Utilizing computed tomography (CT) images to quickly estimate the severity of cases with COVID-19 is one of the most straightforward and efficacious methods. Two tasks were studied in this present paper. One was to segment the mask of intact lung in case of pneumonia. Another was to generate the masks of regions infected by COVID-19. The masks of these two parts of images then were converted to corresponding volumes to calculate the physical proportion of infected region of lung. A total of 129 CT image set were herein collected and studied. The intrinsic Hounsfiled value of CT images was firstly utilized to generate the initial dirty version of labeled masks both for intact lung and infected regions. Then, the samples were carefully adjusted and improved by two professional radiologists to generate the final training set and test benchmark. Two deep learning models were evaluated: UNet and 2.5D UNet.

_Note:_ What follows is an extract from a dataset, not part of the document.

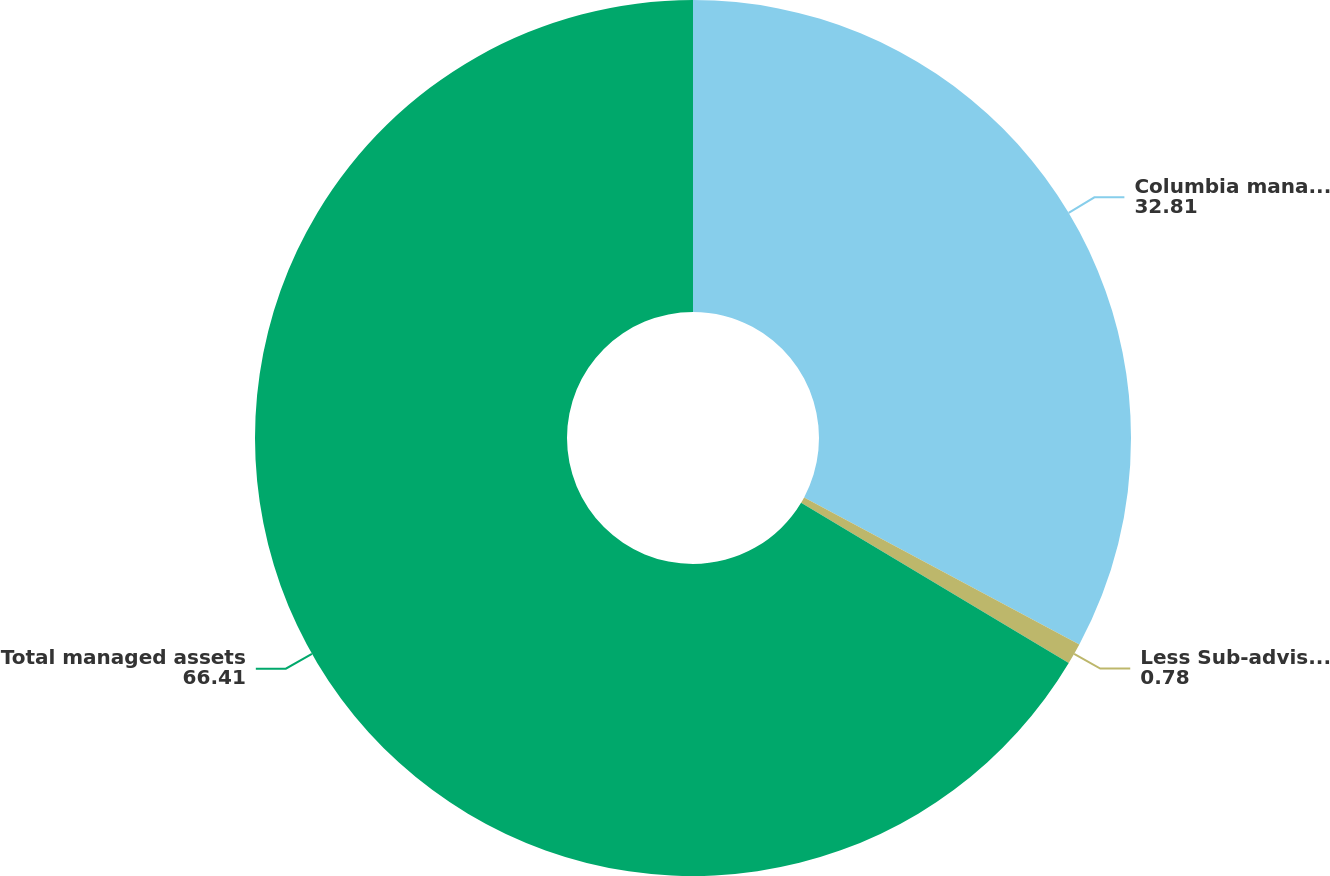<chart> <loc_0><loc_0><loc_500><loc_500><pie_chart><fcel>Columbia managed assets<fcel>Less Sub-advised eliminations<fcel>Total managed assets<nl><fcel>32.81%<fcel>0.78%<fcel>66.41%<nl></chart> 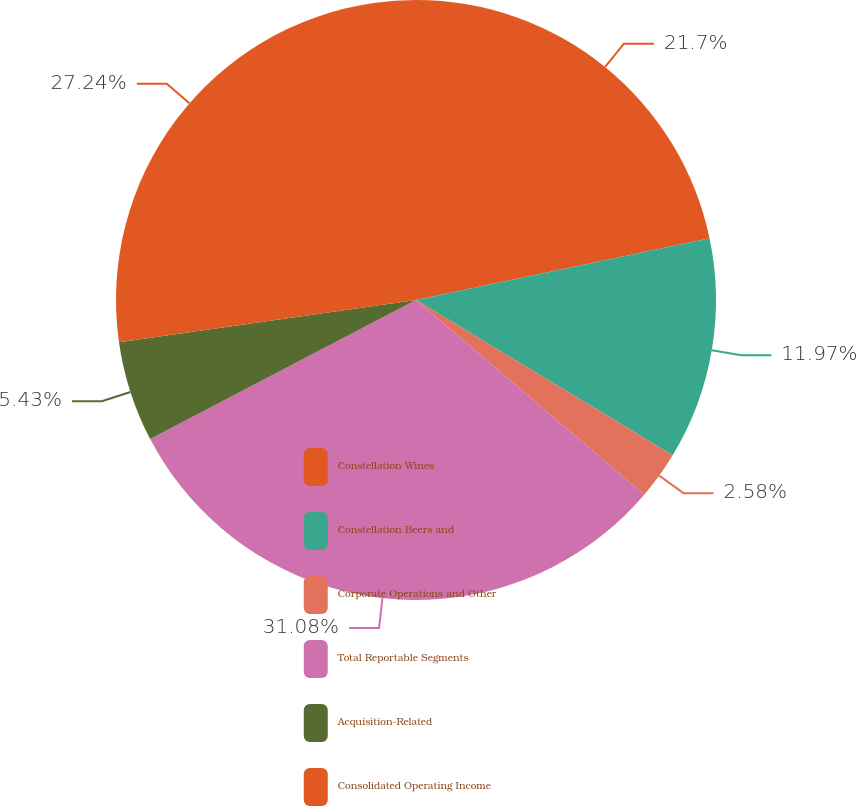Convert chart. <chart><loc_0><loc_0><loc_500><loc_500><pie_chart><fcel>Constellation Wines<fcel>Constellation Beers and<fcel>Corporate Operations and Other<fcel>Total Reportable Segments<fcel>Acquisition-Related<fcel>Consolidated Operating Income<nl><fcel>21.7%<fcel>11.97%<fcel>2.58%<fcel>31.09%<fcel>5.43%<fcel>27.25%<nl></chart>

For the segment of infected regions, a deep learning based classifier was followed to remove unrelated blur-edged regions that were wrongly segmented out such as air tube and blood vessel tissue etc. For the segmented masks of intact lung and infected regions, the best method could achieve 0.972 and 0.757 measure in mean Dice similarity coefficient on our test benchmark. As the overall proportion of infected region of lung, the final result showed 0.961 (Pearson's correlation coefficient) and 11.7% (mean absolute percent error). The instant proportion of infected regions of lung could be used as a visual evidence to assist clinical physician to determine the severity of the case. Furthermore, a quantified report of infected regions can help predict the prognosis for COVID-19 cases which were scanned periodically within the treatment cycle.